Records from a data source
***

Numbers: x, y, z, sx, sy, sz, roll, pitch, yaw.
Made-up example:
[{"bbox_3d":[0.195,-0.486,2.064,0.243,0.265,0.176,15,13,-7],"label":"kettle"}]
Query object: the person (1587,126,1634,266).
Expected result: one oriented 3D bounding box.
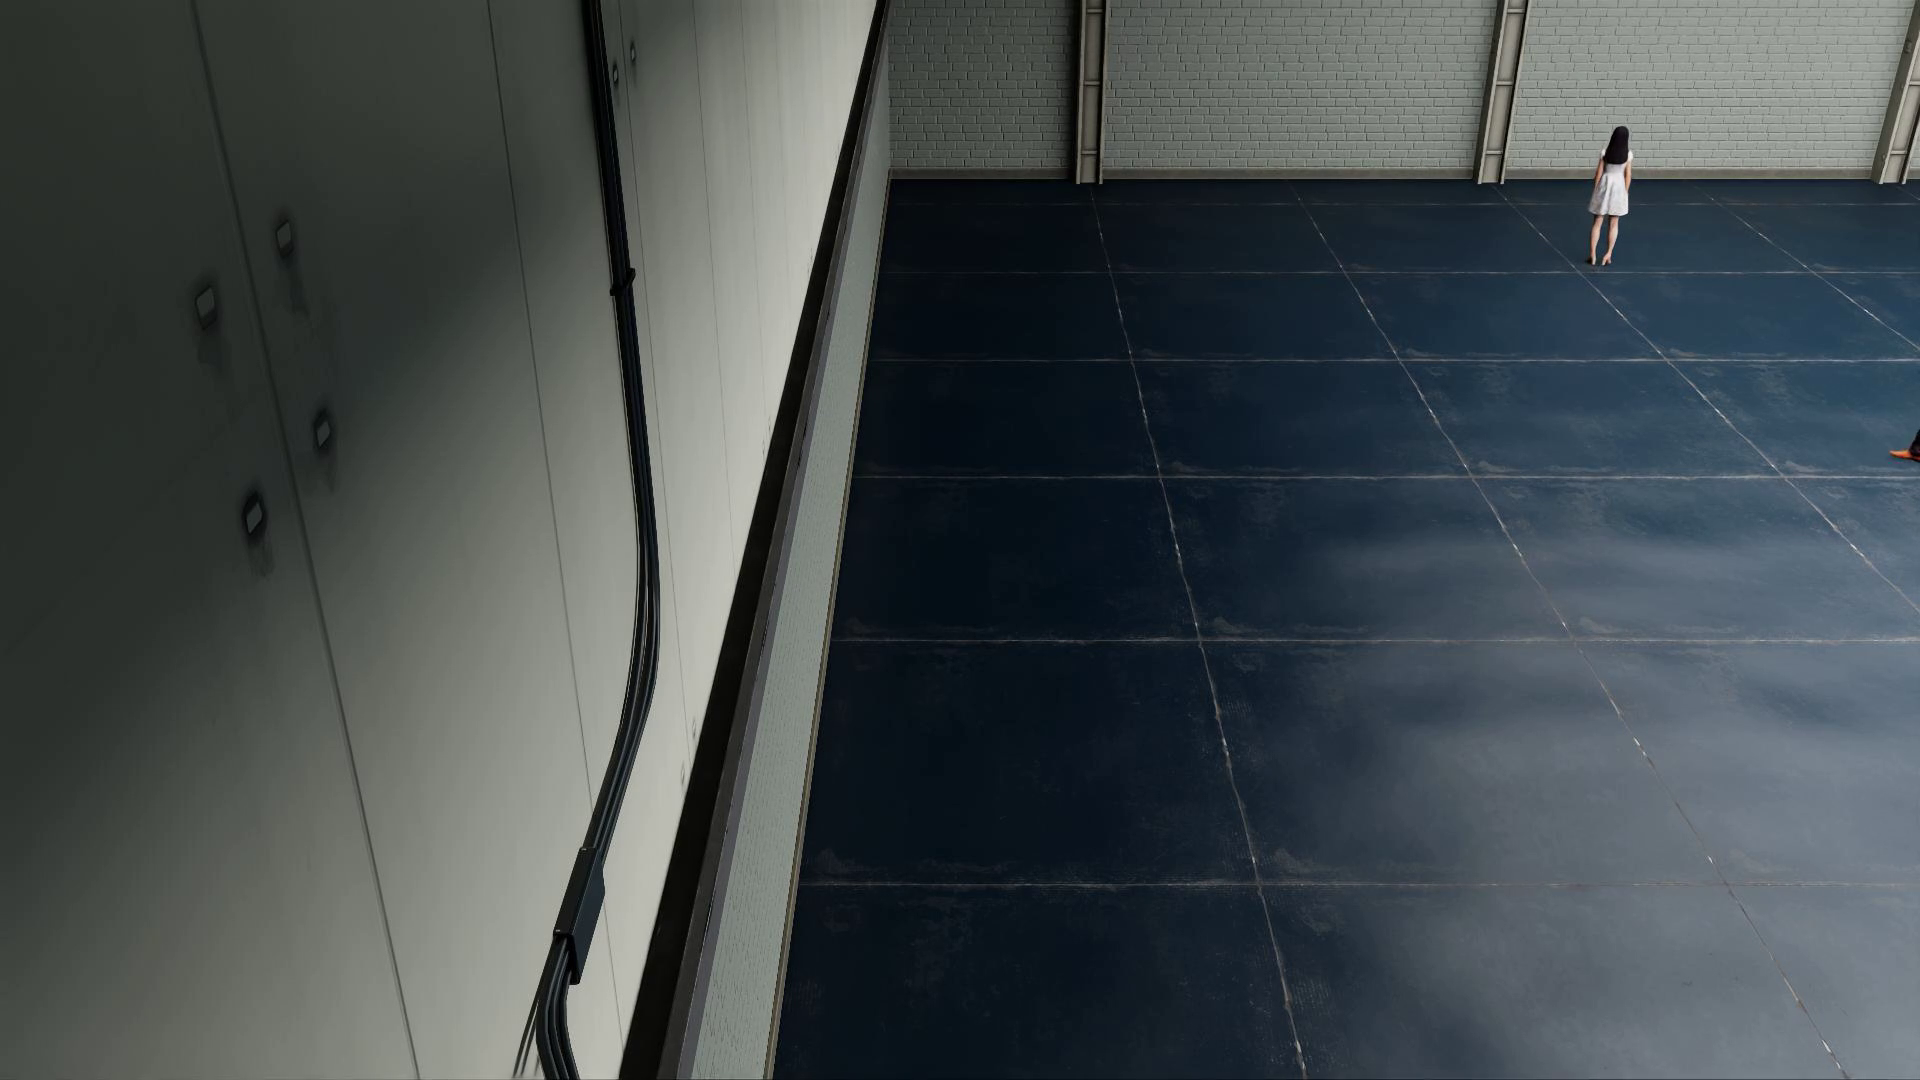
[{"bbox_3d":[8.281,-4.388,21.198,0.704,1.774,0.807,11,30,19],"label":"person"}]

***

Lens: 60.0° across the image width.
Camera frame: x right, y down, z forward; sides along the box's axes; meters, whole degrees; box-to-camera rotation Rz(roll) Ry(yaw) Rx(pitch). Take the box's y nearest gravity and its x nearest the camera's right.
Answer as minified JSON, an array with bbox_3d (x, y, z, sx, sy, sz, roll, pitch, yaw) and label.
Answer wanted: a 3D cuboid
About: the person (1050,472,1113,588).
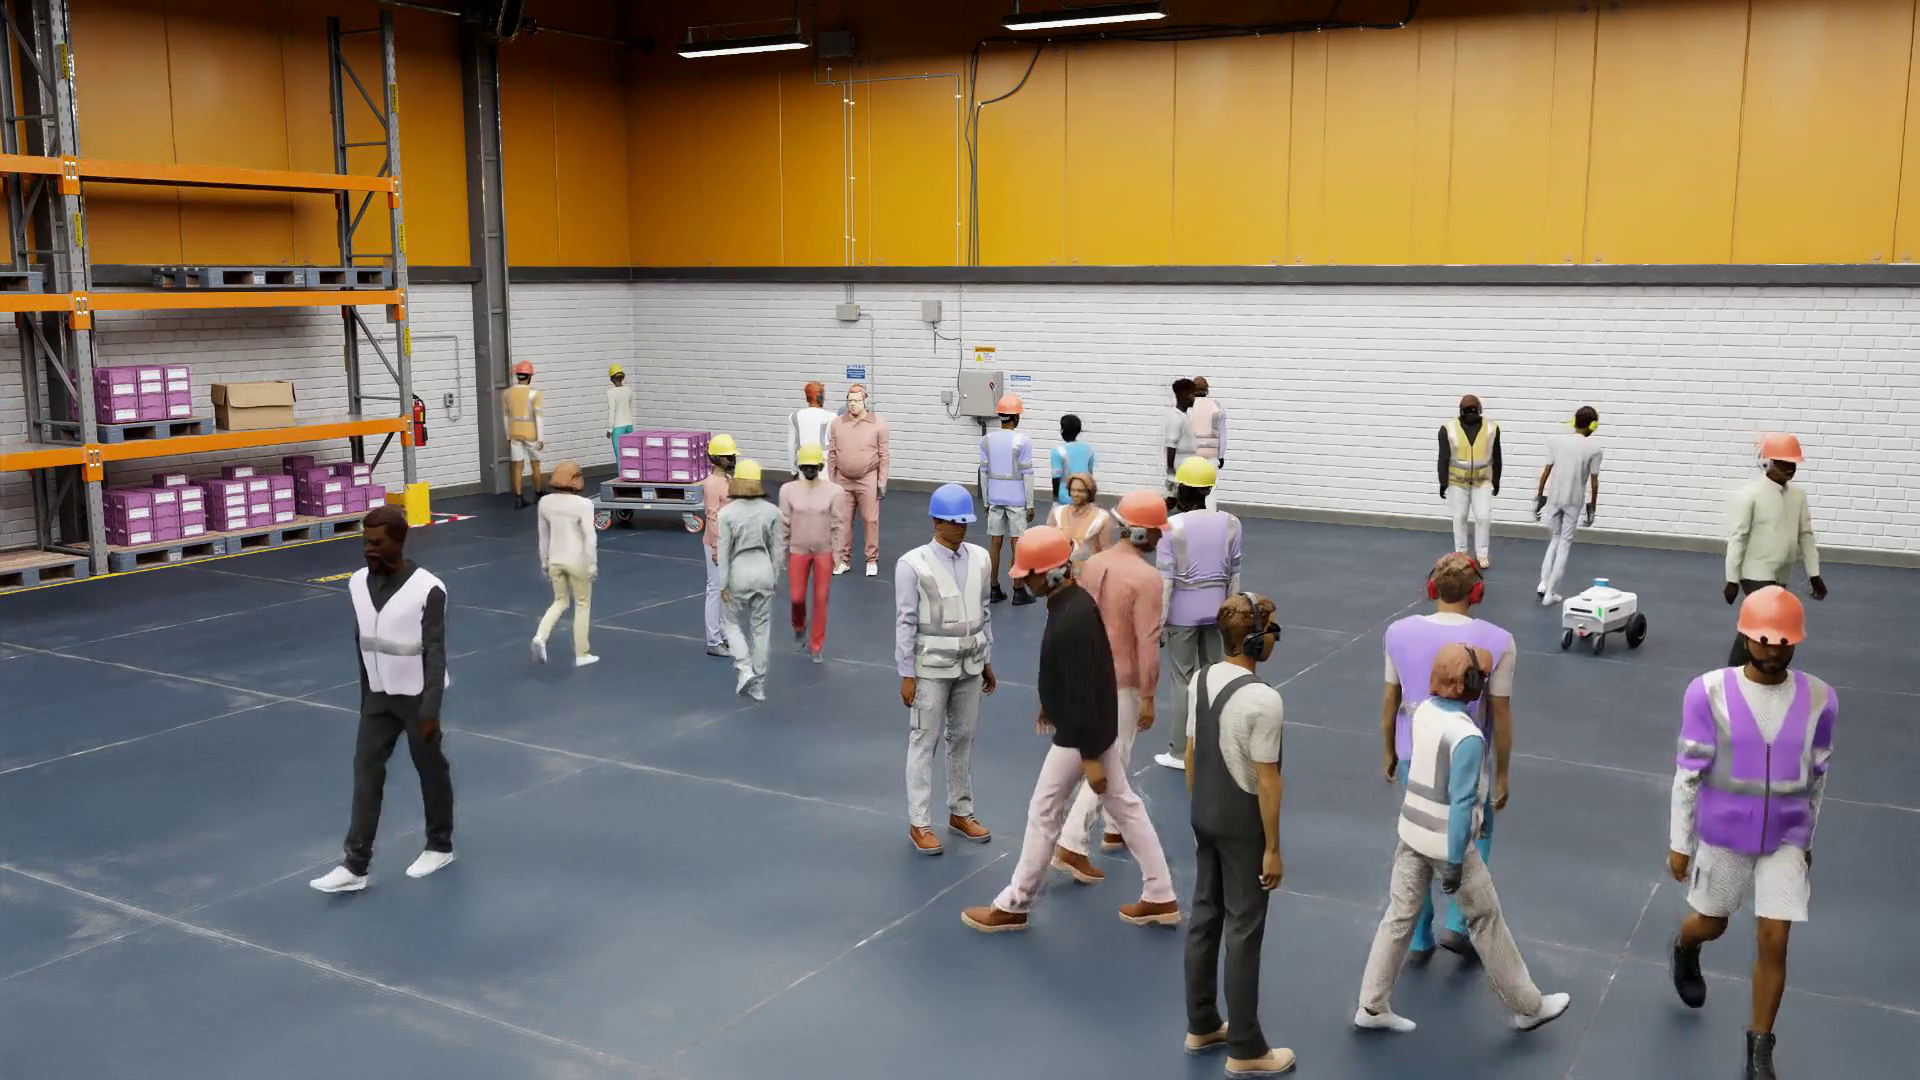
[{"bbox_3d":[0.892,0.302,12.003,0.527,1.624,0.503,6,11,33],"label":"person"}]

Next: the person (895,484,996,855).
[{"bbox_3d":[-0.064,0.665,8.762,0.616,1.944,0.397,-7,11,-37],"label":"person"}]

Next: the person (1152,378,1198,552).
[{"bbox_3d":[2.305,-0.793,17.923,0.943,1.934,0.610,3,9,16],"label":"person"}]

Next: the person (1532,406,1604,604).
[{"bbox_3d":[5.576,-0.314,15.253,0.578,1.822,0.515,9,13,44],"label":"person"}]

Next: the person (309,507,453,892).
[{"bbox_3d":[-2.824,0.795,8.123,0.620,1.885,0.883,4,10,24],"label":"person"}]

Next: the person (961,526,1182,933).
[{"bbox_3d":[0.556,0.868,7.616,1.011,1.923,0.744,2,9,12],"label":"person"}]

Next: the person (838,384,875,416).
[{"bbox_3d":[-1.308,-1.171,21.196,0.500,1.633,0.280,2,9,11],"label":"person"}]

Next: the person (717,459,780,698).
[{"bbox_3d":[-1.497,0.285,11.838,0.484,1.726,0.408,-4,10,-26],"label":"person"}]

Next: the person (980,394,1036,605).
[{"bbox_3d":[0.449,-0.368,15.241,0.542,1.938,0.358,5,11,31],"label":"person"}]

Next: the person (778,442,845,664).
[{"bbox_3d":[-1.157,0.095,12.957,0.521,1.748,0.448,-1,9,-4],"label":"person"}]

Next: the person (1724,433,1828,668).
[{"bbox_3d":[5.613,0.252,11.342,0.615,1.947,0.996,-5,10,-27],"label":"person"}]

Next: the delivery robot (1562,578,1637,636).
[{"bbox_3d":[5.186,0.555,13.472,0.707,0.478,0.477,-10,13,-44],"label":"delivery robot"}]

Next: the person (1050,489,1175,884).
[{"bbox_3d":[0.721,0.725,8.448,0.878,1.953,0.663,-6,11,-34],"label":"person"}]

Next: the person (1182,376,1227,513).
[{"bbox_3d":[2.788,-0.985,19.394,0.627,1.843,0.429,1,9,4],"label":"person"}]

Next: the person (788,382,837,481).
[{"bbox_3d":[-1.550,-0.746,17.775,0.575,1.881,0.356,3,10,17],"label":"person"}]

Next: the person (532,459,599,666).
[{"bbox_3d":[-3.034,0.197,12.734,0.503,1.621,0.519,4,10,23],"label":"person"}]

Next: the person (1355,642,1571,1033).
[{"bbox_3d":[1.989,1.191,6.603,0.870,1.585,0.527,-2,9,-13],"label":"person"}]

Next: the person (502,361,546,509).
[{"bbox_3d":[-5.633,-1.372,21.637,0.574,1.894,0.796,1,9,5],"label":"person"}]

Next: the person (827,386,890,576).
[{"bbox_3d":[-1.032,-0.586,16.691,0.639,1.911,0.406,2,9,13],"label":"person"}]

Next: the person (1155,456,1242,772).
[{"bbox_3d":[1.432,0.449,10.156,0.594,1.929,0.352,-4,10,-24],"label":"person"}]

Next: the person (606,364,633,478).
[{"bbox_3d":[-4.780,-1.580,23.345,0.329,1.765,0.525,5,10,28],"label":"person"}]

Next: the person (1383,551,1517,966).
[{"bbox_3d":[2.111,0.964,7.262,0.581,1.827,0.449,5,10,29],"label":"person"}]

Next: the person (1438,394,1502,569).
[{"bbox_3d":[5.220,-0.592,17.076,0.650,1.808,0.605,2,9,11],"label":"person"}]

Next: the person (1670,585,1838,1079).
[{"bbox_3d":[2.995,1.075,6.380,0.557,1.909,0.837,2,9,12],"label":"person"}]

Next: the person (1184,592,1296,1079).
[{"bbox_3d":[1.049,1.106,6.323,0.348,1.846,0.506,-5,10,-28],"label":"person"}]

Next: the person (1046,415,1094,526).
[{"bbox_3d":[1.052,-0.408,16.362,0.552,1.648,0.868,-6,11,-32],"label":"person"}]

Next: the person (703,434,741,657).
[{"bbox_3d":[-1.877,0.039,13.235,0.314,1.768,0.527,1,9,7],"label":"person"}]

***

» **Work instructions**
Word for word, restate the lines of the data above that fall between the line holding "Lens: 60.0° across the image width." and the line holding "Camera frame: x", inclusive, and no other lines.

» **Solved exercise**
Lens: 60.0° across the image width.
Camera frame: x right, y down, z forward; sides along the box's axes; meters, whole degrees; box-to-camera rotation Rz(roll) Ry(yaw) Rx(pitch). Take the box's y nearest gravity and its x nearest the camera's right.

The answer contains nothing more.